• **Data to examine**
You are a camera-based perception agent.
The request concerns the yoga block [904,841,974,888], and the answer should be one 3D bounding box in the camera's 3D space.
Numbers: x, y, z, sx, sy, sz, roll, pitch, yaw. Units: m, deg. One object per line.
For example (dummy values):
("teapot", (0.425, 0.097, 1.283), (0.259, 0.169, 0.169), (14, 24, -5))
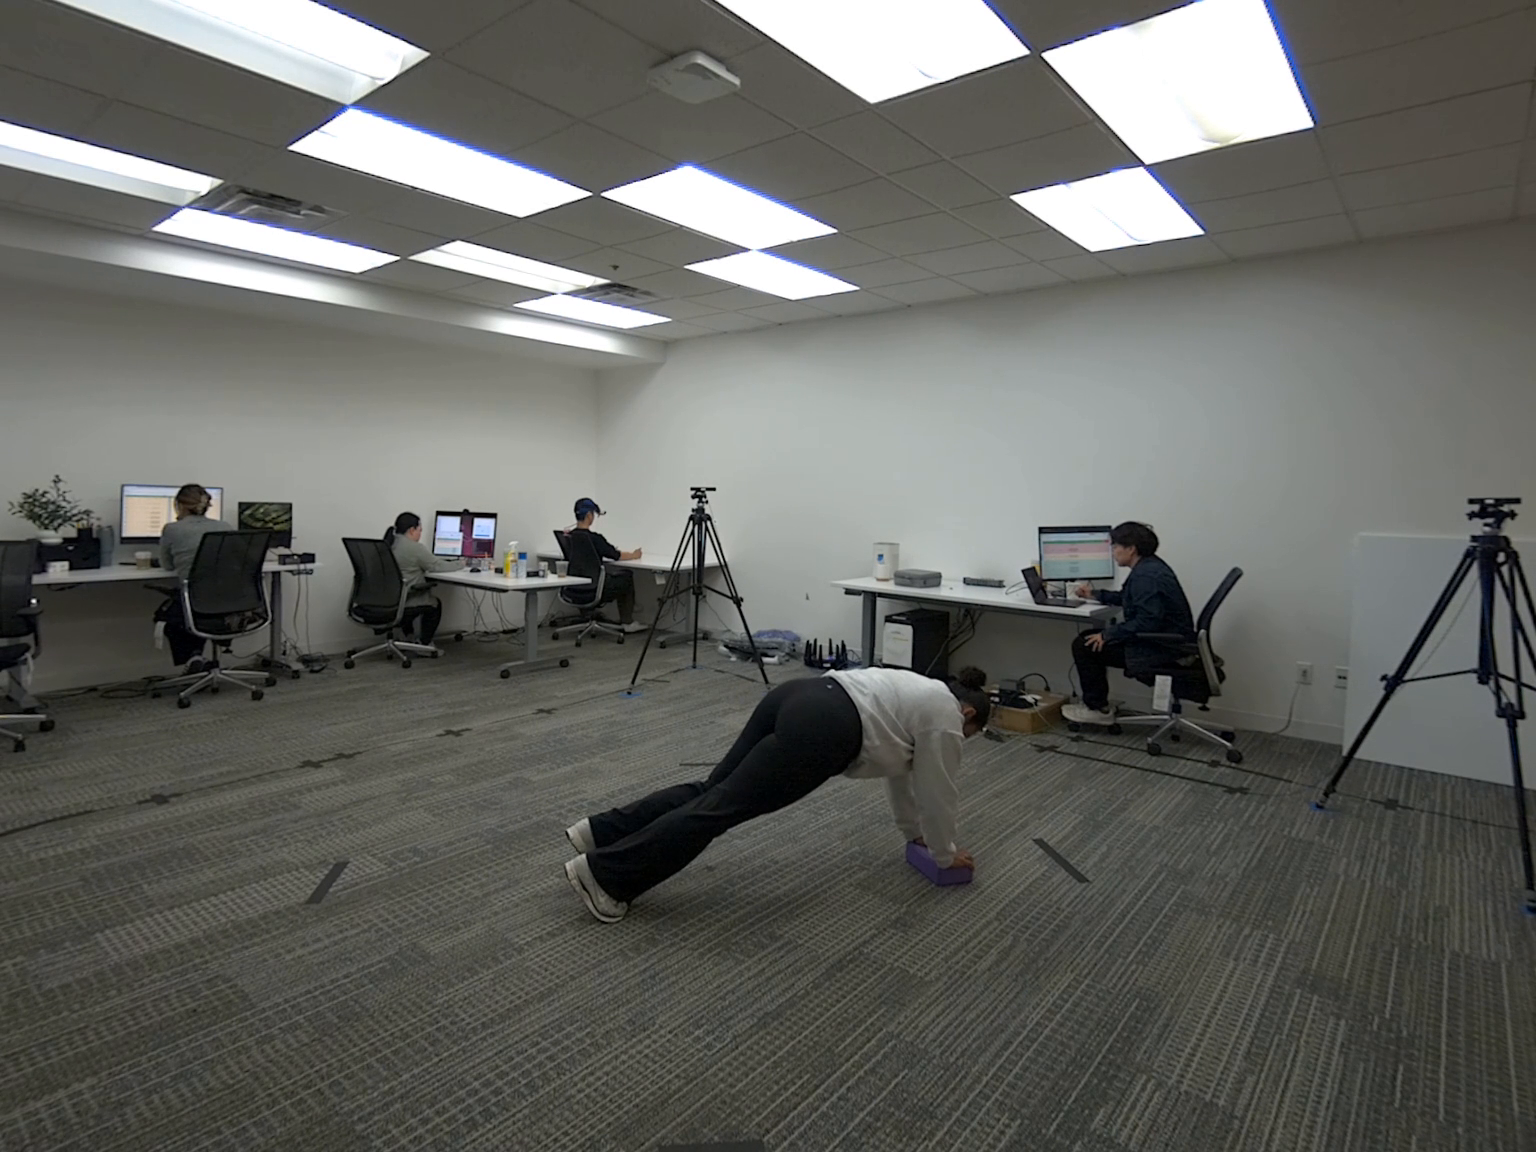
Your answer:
("yoga block", (0.622, 1.052, 3.138), (0.146, 0.076, 0.235), (-1, 6, -20))
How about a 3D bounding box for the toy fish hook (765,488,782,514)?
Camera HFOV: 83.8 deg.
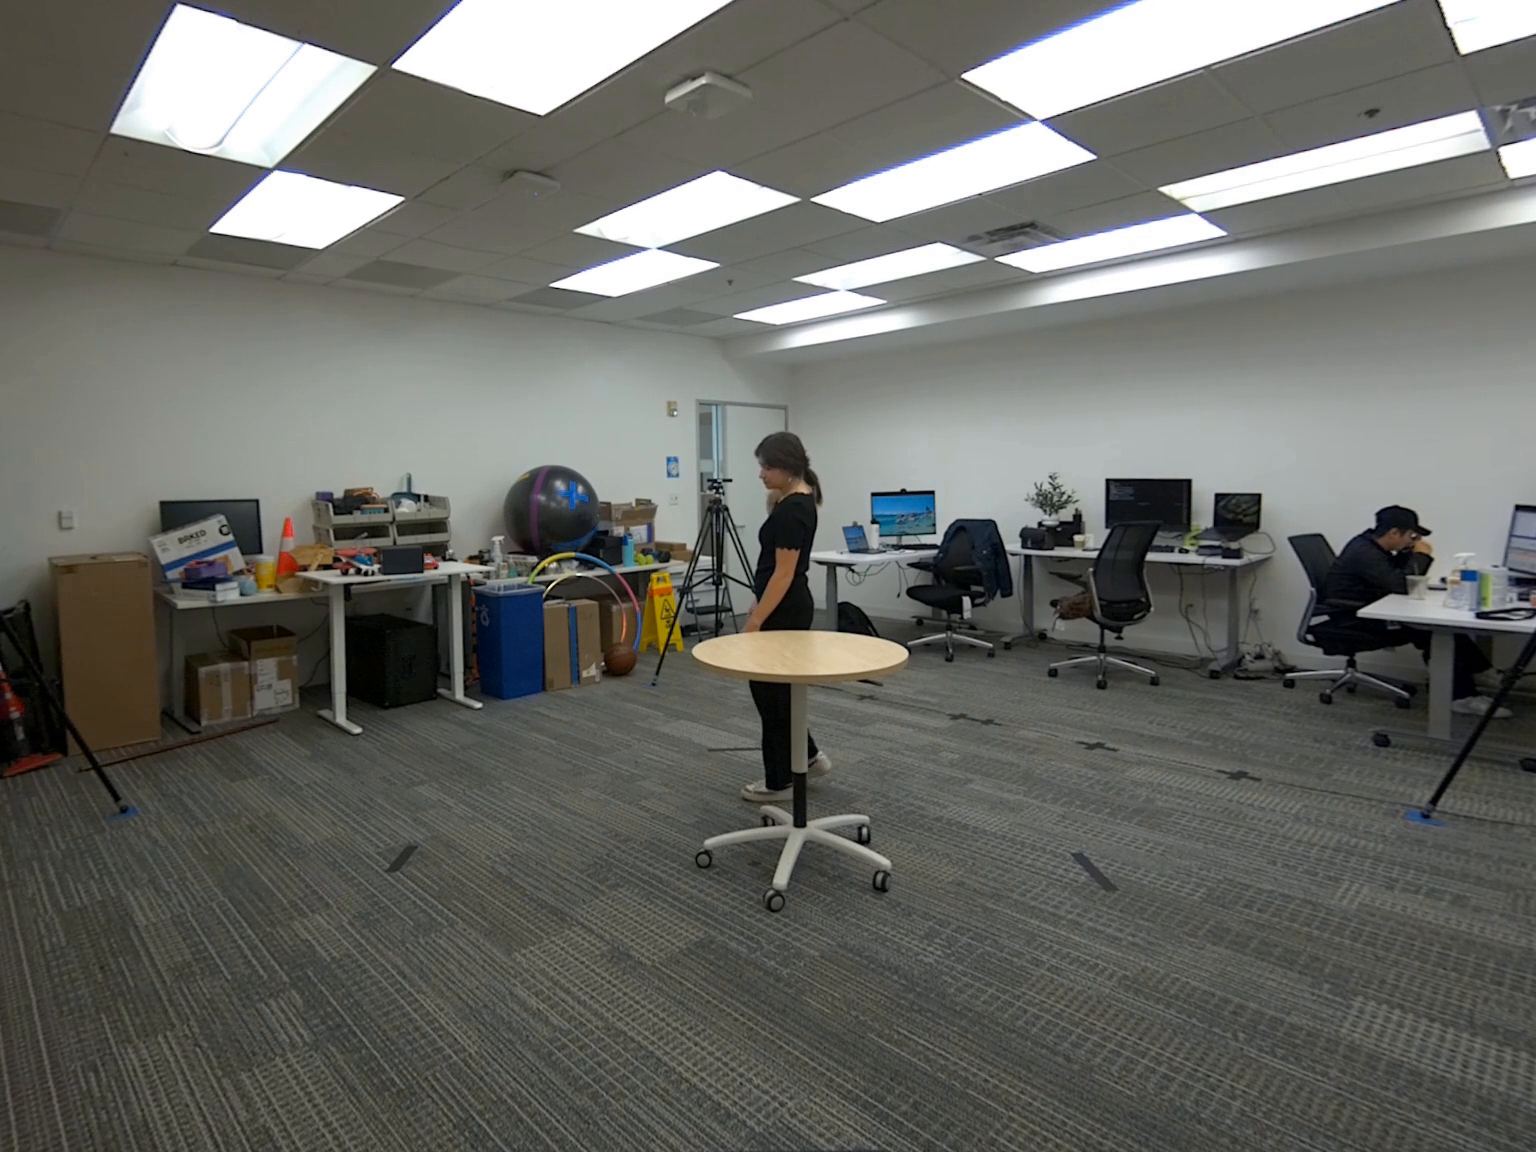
[{"bbox_3d":[0.122,-0.183,3.793,0.226,0.500,0.048,-2,12,6],"label":"toy fish hook"}]
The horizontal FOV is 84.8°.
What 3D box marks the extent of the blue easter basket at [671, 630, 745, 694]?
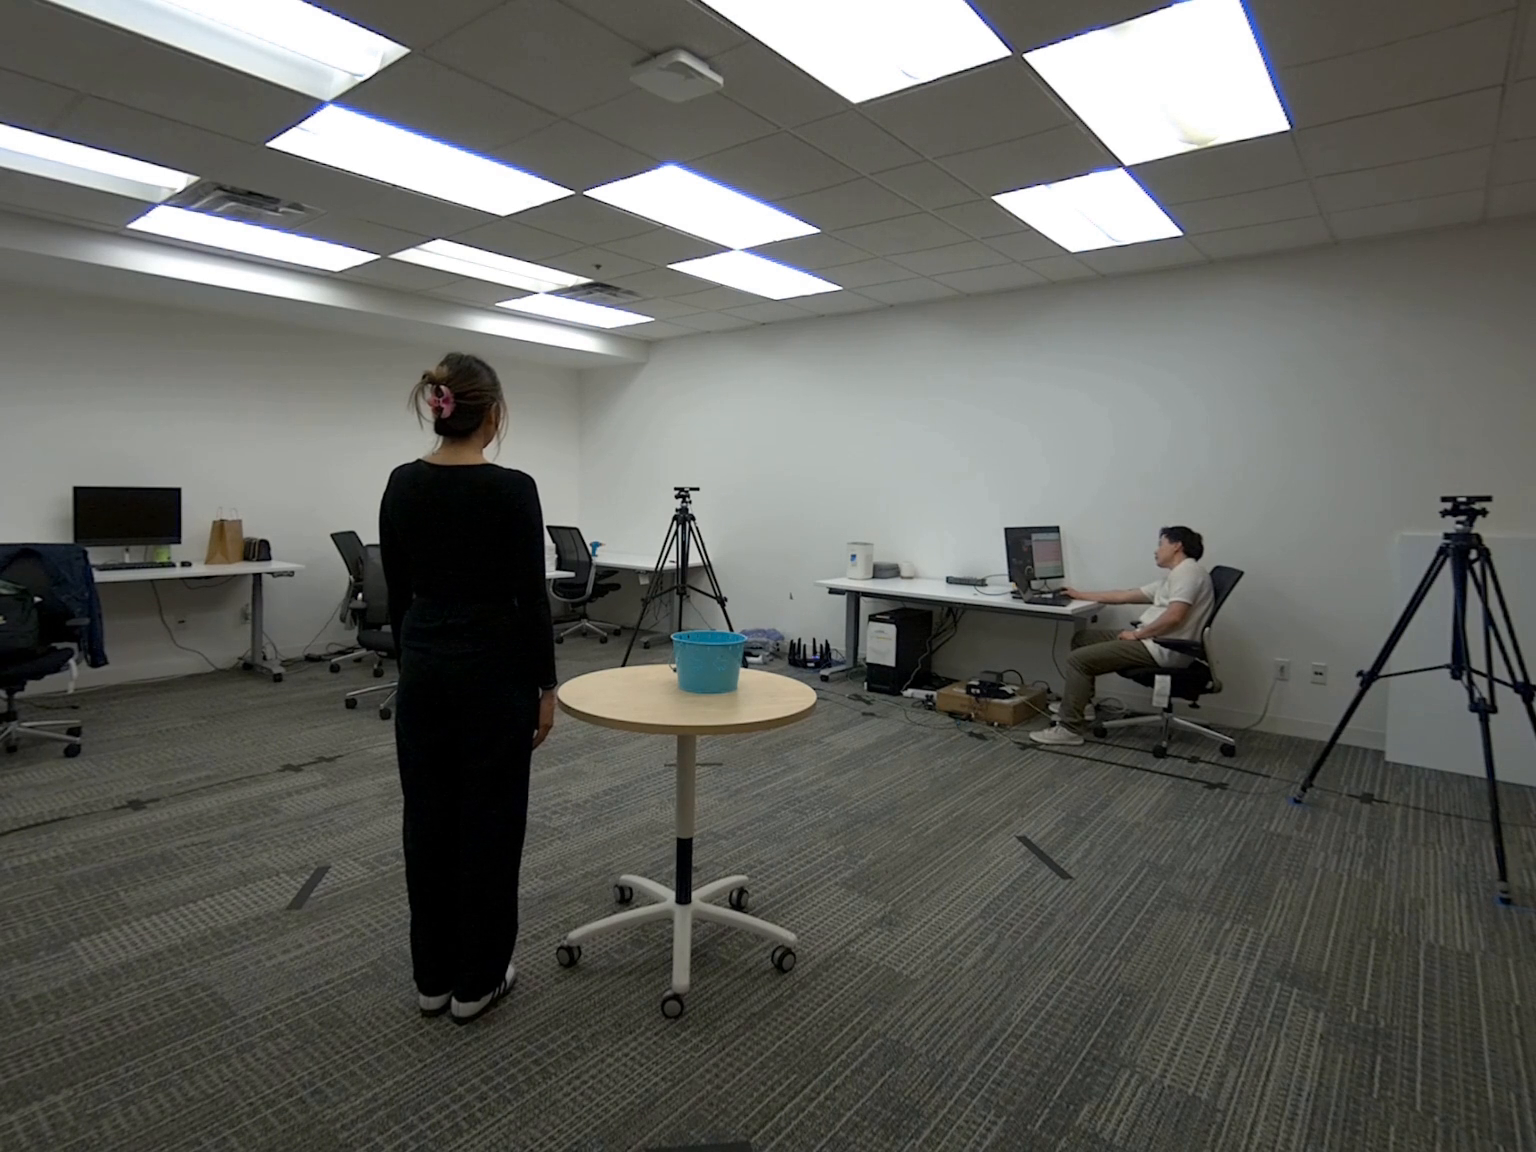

• **What to work on**
Would you reproduce the listing above in full and exactly, without its pictures?

• **Completed exercise**
You are a camera-based perception agent.
The request concerns the yoga block [904,841,974,888], and the answer should be one 3D bounding box in the camera's 3D space.
Numbers: x, y, z, sx, sy, sz, roll, pitch, yaw. Units: m, deg. One object per line.
For example (dummy values):
("teapot", (0.425, 0.097, 1.283), (0.259, 0.169, 0.169), (14, 24, -5))
Your answer:
("yoga block", (0.622, 1.052, 3.138), (0.146, 0.076, 0.235), (-1, 6, -20))
How about a 3D bounding box for the toy fish hook (765,488,782,514)?
Camera HFOV: 83.8 deg.
[{"bbox_3d":[0.122,-0.183,3.793,0.226,0.500,0.048,-2,12,6],"label":"toy fish hook"}]
The horizontal FOV is 84.8°.
What 3D box marks the extent of the blue easter basket at [671, 630, 745, 694]?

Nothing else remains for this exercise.